Every record that follows should be written out word for word; the pictures stay out.
####################
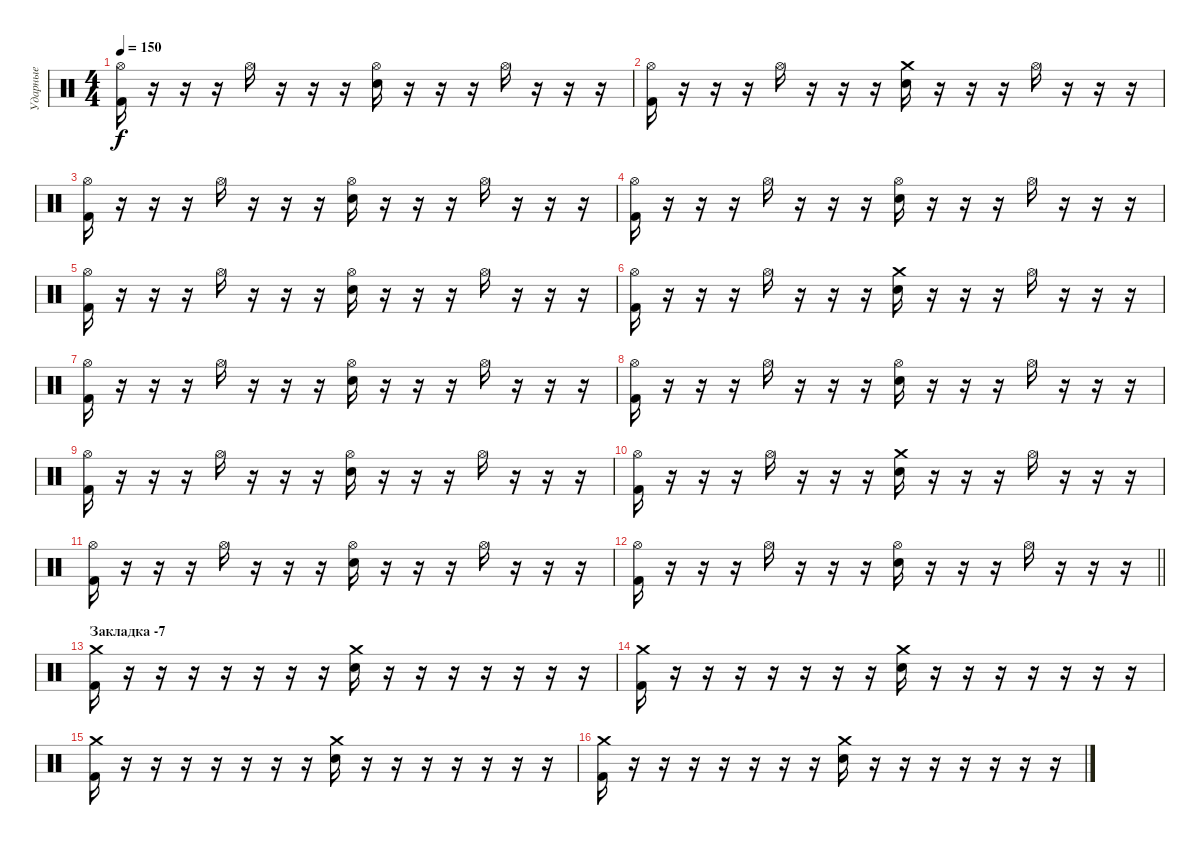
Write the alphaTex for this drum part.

\track ("Ударные" "Ударные") {instrument percussion}
\staff {score}
\articulation defaults
\ts (4 4)
\tempo 150
\clef neutral
\ks c
("Hi-Hat (open)" "Kick (hit) 2").16{dy f} r.16 r.16 r.16 "Hi-Hat (open)".16 r.16 r.16 r.16 ("Hi-Hat (open)" "Electric Snare (hit)").16 r.16 r.16 r.16 "Hi-Hat (open)".16 r.16 r.16 r.16 |
("Hi-Hat (open)" "Kick (hit) 2").16 r.16 r.16 r.16 "Hi-Hat (open)".16 r.16 r.16 r.16 ("Crash medium (hit)" "Electric Snare (hit)").16 r.16 r.16 r.16 "Hi-Hat (open)".16 r.16 r.16 r.16 |
("Hi-Hat (open)" "Kick (hit) 2").16 r.16 r.16 r.16 "Hi-Hat (open)".16 r.16 r.16 r.16 ("Hi-Hat (open)" "Electric Snare (hit)").16 r.16 r.16 r.16 "Hi-Hat (open)".16 r.16 r.16 r.16 |
("Hi-Hat (open)" "Kick (hit) 2").16 r.16 r.16 r.16 "Hi-Hat (open)".16 r.16 r.16 r.16 ("Hi-Hat (open)" "Electric Snare (hit)").16 r.16 r.16 r.16 "Hi-Hat (open)".16 r.16 r.16 r.16 |
("Hi-Hat (open)" "Kick (hit) 2").16 r.16 r.16 r.16 "Hi-Hat (open)".16 r.16 r.16 r.16 ("Hi-Hat (open)" "Electric Snare (hit)").16 r.16 r.16 r.16 "Hi-Hat (open)".16 r.16 r.16 r.16 |
("Hi-Hat (open)" "Kick (hit) 2").16 r.16 r.16 r.16 "Hi-Hat (open)".16 r.16 r.16 r.16 ("Crash medium (hit)" "Electric Snare (hit)").16 r.16 r.16 r.16 "Hi-Hat (open)".16 r.16 r.16 r.16 |
("Hi-Hat (open)" "Kick (hit) 2").16 r.16 r.16 r.16 "Hi-Hat (open)".16 r.16 r.16 r.16 ("Hi-Hat (open)" "Electric Snare (hit)").16 r.16 r.16 r.16 "Hi-Hat (open)".16 r.16 r.16 r.16 |
("Hi-Hat (open)" "Kick (hit) 2").16 r.16 r.16 r.16 "Hi-Hat (open)".16 r.16 r.16 r.16 ("Hi-Hat (open)" "Electric Snare (hit)").16 r.16 r.16 r.16 "Hi-Hat (open)".16 r.16 r.16 r.16 |
("Hi-Hat (open)" "Kick (hit) 2").16 r.16 r.16 r.16 "Hi-Hat (open)".16 r.16 r.16 r.16 ("Hi-Hat (open)" "Electric Snare (hit)").16 r.16 r.16 r.16 "Hi-Hat (open)".16 r.16 r.16 r.16 |
("Hi-Hat (open)" "Kick (hit) 2").16 r.16 r.16 r.16 "Hi-Hat (open)".16 r.16 r.16 r.16 ("Crash medium (hit)" "Electric Snare (hit)").16 r.16 r.16 r.16 "Hi-Hat (open)".16 r.16 r.16 r.16 |
("Hi-Hat (open)" "Kick (hit) 2").16 r.16 r.16 r.16 "Hi-Hat (open)".16 r.16 r.16 r.16 ("Hi-Hat (open)" "Electric Snare (hit)").16 r.16 r.16 r.16 "Hi-Hat (open)".16 r.16 r.16 r.16 |
\barLineRight lightlight
("Hi-Hat (open)" "Kick (hit) 2").16 r.16 r.16 r.16 "Hi-Hat (open)".16 r.16 r.16 r.16 ("Hi-Hat (open)" "Electric Snare (hit)").16 r.16 r.16 r.16 "Hi-Hat (open)".16 r.16 r.16 r.16 |
\section ("" "Закладка -7")
("Crash medium (hit)" "Kick (hit) 2").16 r.16 r.16 r.16 r.16 r.16 r.16 r.16 ("Crash medium (hit)" "Electric Snare (hit)").16 r.16 r.16 r.16 r.16 r.16 r.16 r.16 |
("Crash medium (hit)" "Kick (hit) 2").16 r.16 r.16 r.16 r.16 r.16 r.16 r.16 ("Crash medium (hit)" "Electric Snare (hit)").16 r.16 r.16 r.16 r.16 r.16 r.16 r.16 |
("Crash medium (hit)" "Kick (hit) 2").16 r.16 r.16 r.16 r.16 r.16 r.16 r.16 ("Crash medium (hit)" "Electric Snare (hit)").16 r.16 r.16 r.16 r.16 r.16 r.16 r.16 |
("Crash medium (hit)" "Kick (hit) 2").16 r.16 r.16 r.16 r.16 r.16 r.16 r.16 ("Crash medium (hit)" "Electric Snare (hit)").16 r.16 r.16 r.16 r.16 r.16 r.16 r.16
####################
== Exercise result ==
Write the alphaTex for this drum part.

\track ("Ударные" "Ударные") {instrument percussion}
\staff {score}
\articulation defaults
\ts (4 4)
\tempo 150
\clef neutral
\ks c
("Hi-Hat (open)" "Kick (hit) 2").16{dy f} r.16 r.16 r.16 "Hi-Hat (open)".16 r.16 r.16 r.16 ("Hi-Hat (open)" "Electric Snare (hit)").16 r.16 r.16 r.16 "Hi-Hat (open)".16 r.16 r.16 r.16 |
("Hi-Hat (open)" "Kick (hit) 2").16 r.16 r.16 r.16 "Hi-Hat (open)".16 r.16 r.16 r.16 ("Crash medium (hit)" "Electric Snare (hit)").16 r.16 r.16 r.16 "Hi-Hat (open)".16 r.16 r.16 r.16 |
("Hi-Hat (open)" "Kick (hit) 2").16 r.16 r.16 r.16 "Hi-Hat (open)".16 r.16 r.16 r.16 ("Hi-Hat (open)" "Electric Snare (hit)").16 r.16 r.16 r.16 "Hi-Hat (open)".16 r.16 r.16 r.16 |
("Hi-Hat (open)" "Kick (hit) 2").16 r.16 r.16 r.16 "Hi-Hat (open)".16 r.16 r.16 r.16 ("Hi-Hat (open)" "Electric Snare (hit)").16 r.16 r.16 r.16 "Hi-Hat (open)".16 r.16 r.16 r.16 |
("Hi-Hat (open)" "Kick (hit) 2").16 r.16 r.16 r.16 "Hi-Hat (open)".16 r.16 r.16 r.16 ("Hi-Hat (open)" "Electric Snare (hit)").16 r.16 r.16 r.16 "Hi-Hat (open)".16 r.16 r.16 r.16 |
("Hi-Hat (open)" "Kick (hit) 2").16 r.16 r.16 r.16 "Hi-Hat (open)".16 r.16 r.16 r.16 ("Crash medium (hit)" "Electric Snare (hit)").16 r.16 r.16 r.16 "Hi-Hat (open)".16 r.16 r.16 r.16 |
("Hi-Hat (open)" "Kick (hit) 2").16 r.16 r.16 r.16 "Hi-Hat (open)".16 r.16 r.16 r.16 ("Hi-Hat (open)" "Electric Snare (hit)").16 r.16 r.16 r.16 "Hi-Hat (open)".16 r.16 r.16 r.16 |
("Hi-Hat (open)" "Kick (hit) 2").16 r.16 r.16 r.16 "Hi-Hat (open)".16 r.16 r.16 r.16 ("Hi-Hat (open)" "Electric Snare (hit)").16 r.16 r.16 r.16 "Hi-Hat (open)".16 r.16 r.16 r.16 |
("Hi-Hat (open)" "Kick (hit) 2").16 r.16 r.16 r.16 "Hi-Hat (open)".16 r.16 r.16 r.16 ("Hi-Hat (open)" "Electric Snare (hit)").16 r.16 r.16 r.16 "Hi-Hat (open)".16 r.16 r.16 r.16 |
("Hi-Hat (open)" "Kick (hit) 2").16 r.16 r.16 r.16 "Hi-Hat (open)".16 r.16 r.16 r.16 ("Crash medium (hit)" "Electric Snare (hit)").16 r.16 r.16 r.16 "Hi-Hat (open)".16 r.16 r.16 r.16 |
("Hi-Hat (open)" "Kick (hit) 2").16 r.16 r.16 r.16 "Hi-Hat (open)".16 r.16 r.16 r.16 ("Hi-Hat (open)" "Electric Snare (hit)").16 r.16 r.16 r.16 "Hi-Hat (open)".16 r.16 r.16 r.16 |
\barLineRight lightlight
("Hi-Hat (open)" "Kick (hit) 2").16 r.16 r.16 r.16 "Hi-Hat (open)".16 r.16 r.16 r.16 ("Hi-Hat (open)" "Electric Snare (hit)").16 r.16 r.16 r.16 "Hi-Hat (open)".16 r.16 r.16 r.16 |
\section ("" "Закладка -7")
("Crash medium (hit)" "Kick (hit) 2").16 r.16 r.16 r.16 r.16 r.16 r.16 r.16 ("Crash medium (hit)" "Electric Snare (hit)").16 r.16 r.16 r.16 r.16 r.16 r.16 r.16 |
("Crash medium (hit)" "Kick (hit) 2").16 r.16 r.16 r.16 r.16 r.16 r.16 r.16 ("Crash medium (hit)" "Electric Snare (hit)").16 r.16 r.16 r.16 r.16 r.16 r.16 r.16 |
("Crash medium (hit)" "Kick (hit) 2").16 r.16 r.16 r.16 r.16 r.16 r.16 r.16 ("Crash medium (hit)" "Electric Snare (hit)").16 r.16 r.16 r.16 r.16 r.16 r.16 r.16 |
("Crash medium (hit)" "Kick (hit) 2").16 r.16 r.16 r.16 r.16 r.16 r.16 r.16 ("Crash medium (hit)" "Electric Snare (hit)").16 r.16 r.16 r.16 r.16 r.16 r.16 r.16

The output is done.